The persons entitled to file for an order for liquidation under section 15 of the Companies Act are:

  1. The company; or
  2. A director of the company; or
  3. A shareholder of the company; or a creditor of the company; or
  4. The Registrar of Companies.

Before any such order can be made under section 15 the party seeking to put the company into liquidation must first file a claim in Form 3 of Schedule 3 to the Regulation. Together with the Claim you must also file a Notice of Proceeding in Form 5 of Schedule 3 along with a sworn statement verifying the facts in your Claim.
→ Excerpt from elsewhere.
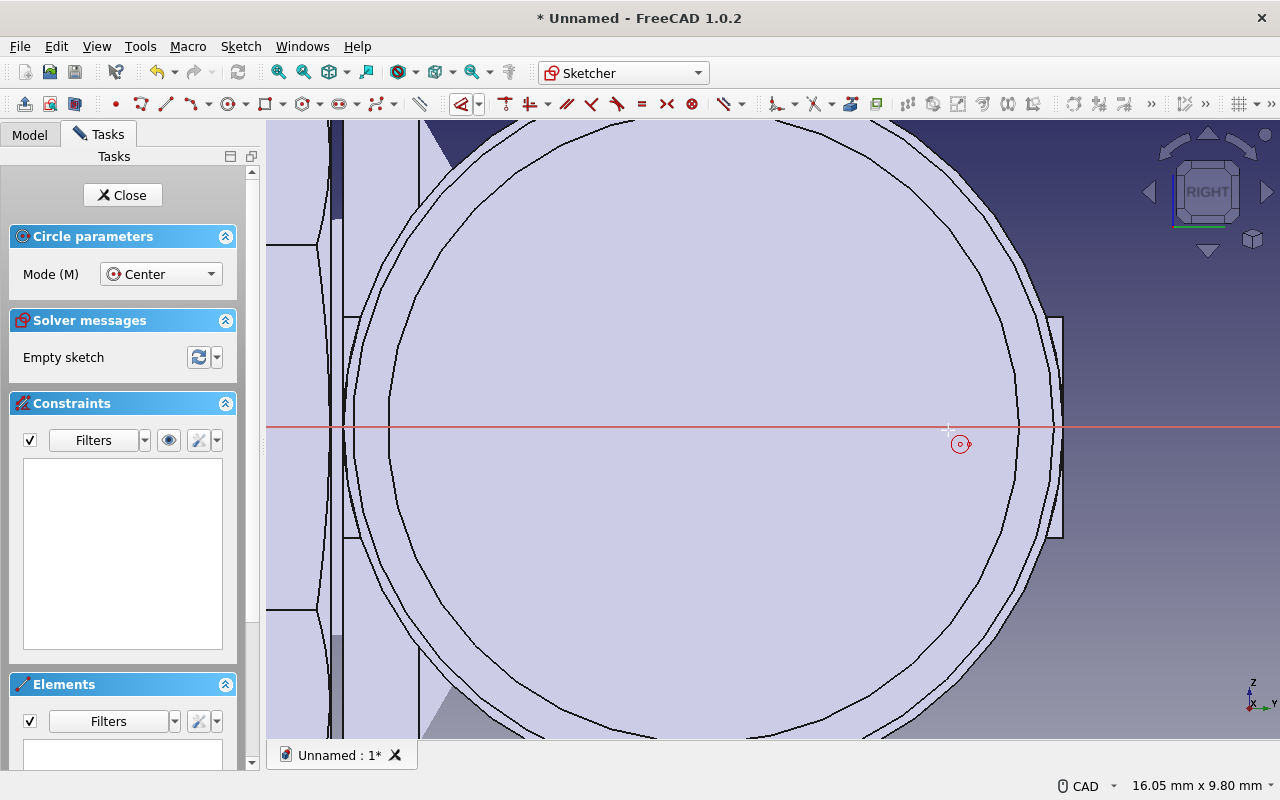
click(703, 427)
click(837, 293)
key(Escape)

The sworn statement can either be sworn by you or by someone who knows the facts and has the authority to sign the statement (e.g. a director if that director belongs to the company filing the Claim for liquidation).
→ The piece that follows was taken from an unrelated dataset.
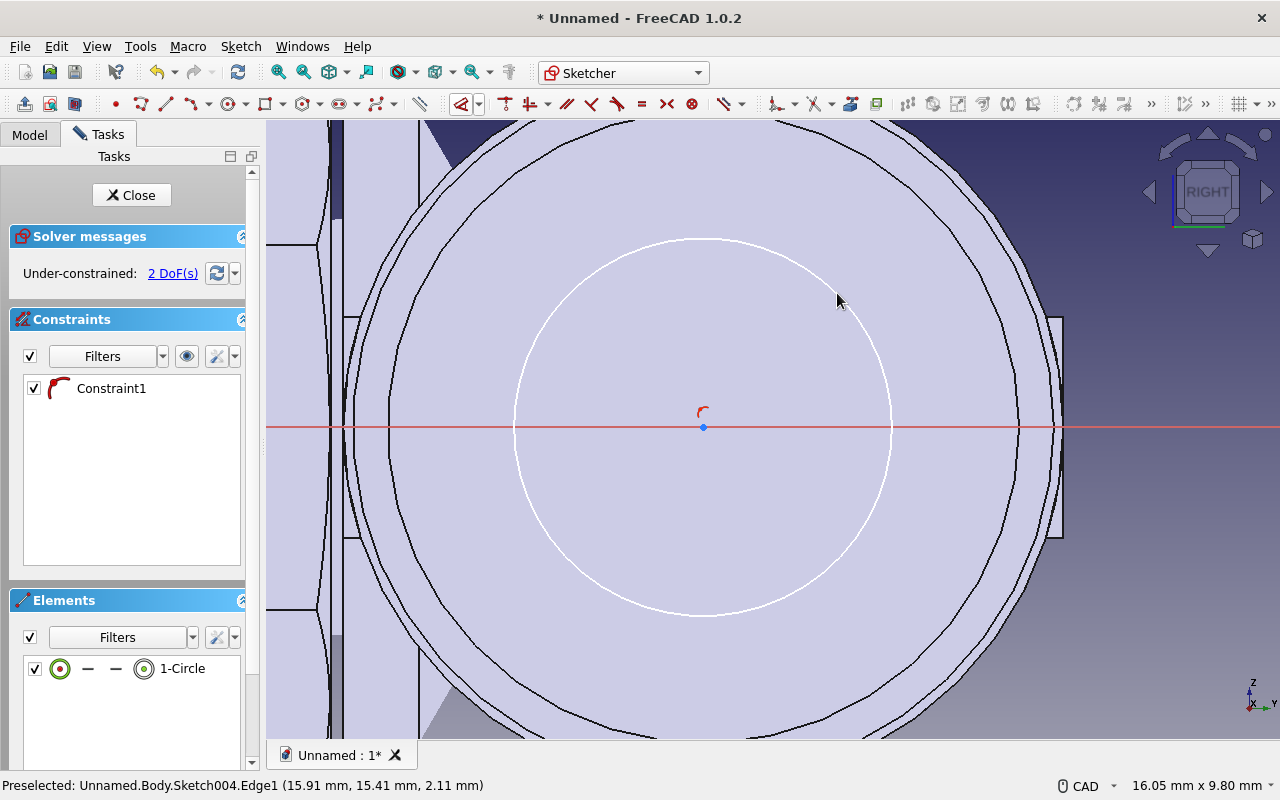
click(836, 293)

That Notice of Proceeding is to be signed by the claimant or the lawyer for the claimant. You must attach to that Notice a memorandum (also found in Schedule 3 to the Regulations) which is to be signed by the Registrar. Both the Notice and the memorandum will state the time and place at which the hearing of the claim will be.
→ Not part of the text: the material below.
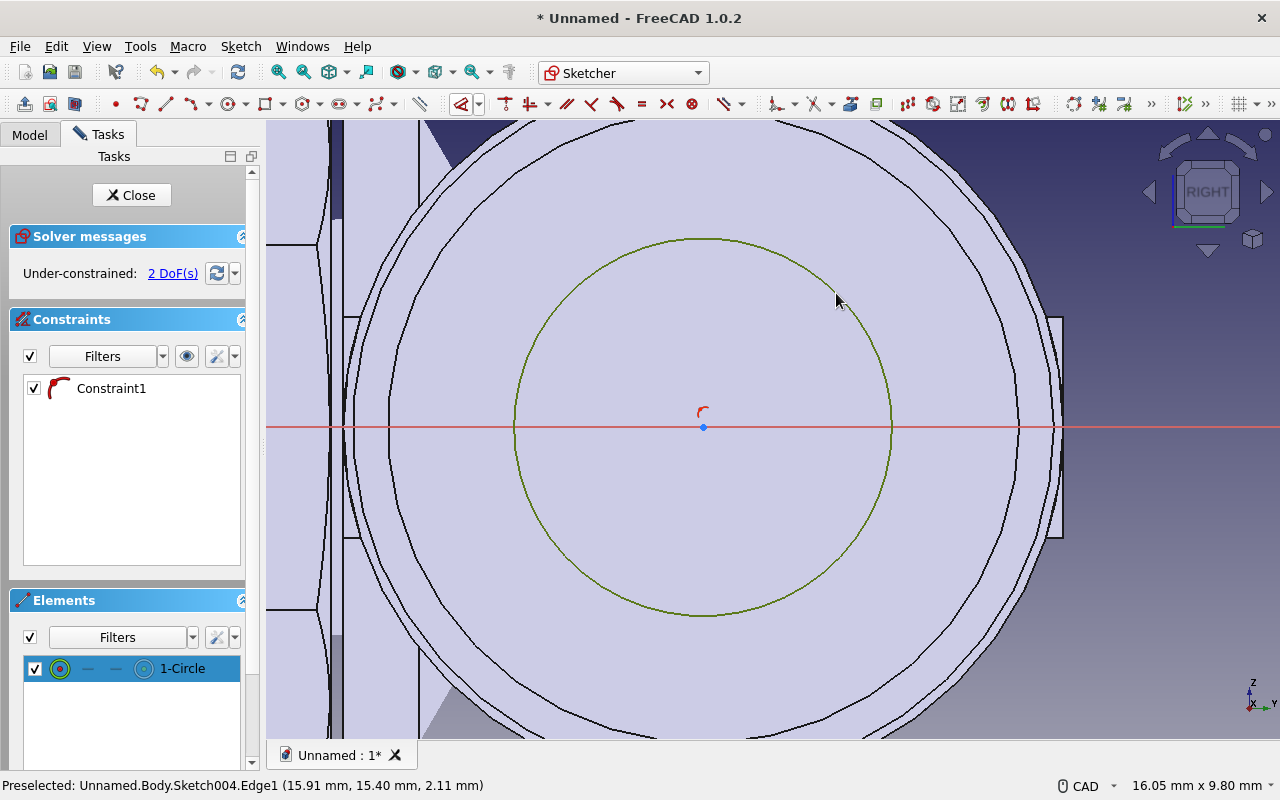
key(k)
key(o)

Once this is done the company against whom the claim is made must serve a copy of the claim, sworn statement and Notice of Proceedings and memorandum on the company. Public Notice of the claim must then be made at least 7 days before the hearing. The form for public notice is also provided in the schedule.

A public notice of the claim must contain the following:

  1. The day on which the liquidation claim was filed.
  2. The name and address of the claimant and the claimant’s lawyer if the claimant has a lawyer.
  3. The claimant’s address for service of all documents.
  4. The place, date and time of the hearing of the claim.
  5. State that the claim and sworn statement may be inspected at the Registry of the Supreme Court or the claimant’s address for service.
  6. State that any person, other than the defendant company who wishes to be heard on the hearing date must file an appearance with the court at least 2 days before the hearing.

If the public notice is not given or is not done in accordance with the rule the Registrar of the court must cancel the date of the hearing and the case moved off the court’s list unless the defendant company has been served or the court itself gives other directions.

If you have been filed with such a claim you will have 14 days from the date you received that claim to put in your defence. In addition, any other person who wishes to appear at the hearing does not need to file a defence but must file an appearance in Form 11 of Schedule 3 indicating that he/she intends to appear and either supports or opposes the claim. Any such appearance must be filed at least 2 days before the hearing date. If you do not file a defence as the defendant or an appearance as an interested party you will not be allowed to appear at the hearing unless you have been granted an extension of time by the court.

If the creditor or other party proves his/her claim to the court then the court will make an order to wind-up or liquidate the company.

It is possible, before the hearing for an application to be made to the court to stay or stop the hearing for good reason. Such an application must be done at least 21 days after the date when the claim was served on you. You may apply to stop the publication of the public notice or publication of any other information relating to the claim and may request that the entire matter be temporarily stopped. Such an application can be filed by;

  1. the defendant company;
  2. A creditor of the company with the permission of the court;
  3. The Registrar of Companies.

Depending on the facts of your case it would be advisable to seek more in-depth legal advice from a lawyer as sometimes the matter of liquidating a company can be a long and difficult affair.

Next week we will look at the role of the liquidator after a liquidation order has been made.

DISCLAIMER – This is a legal column to provide basic information on the law and court procedure. It is not to be used as a substitute for legal advice but to be used only as a starting point in understanding what you might need and what you might need to do.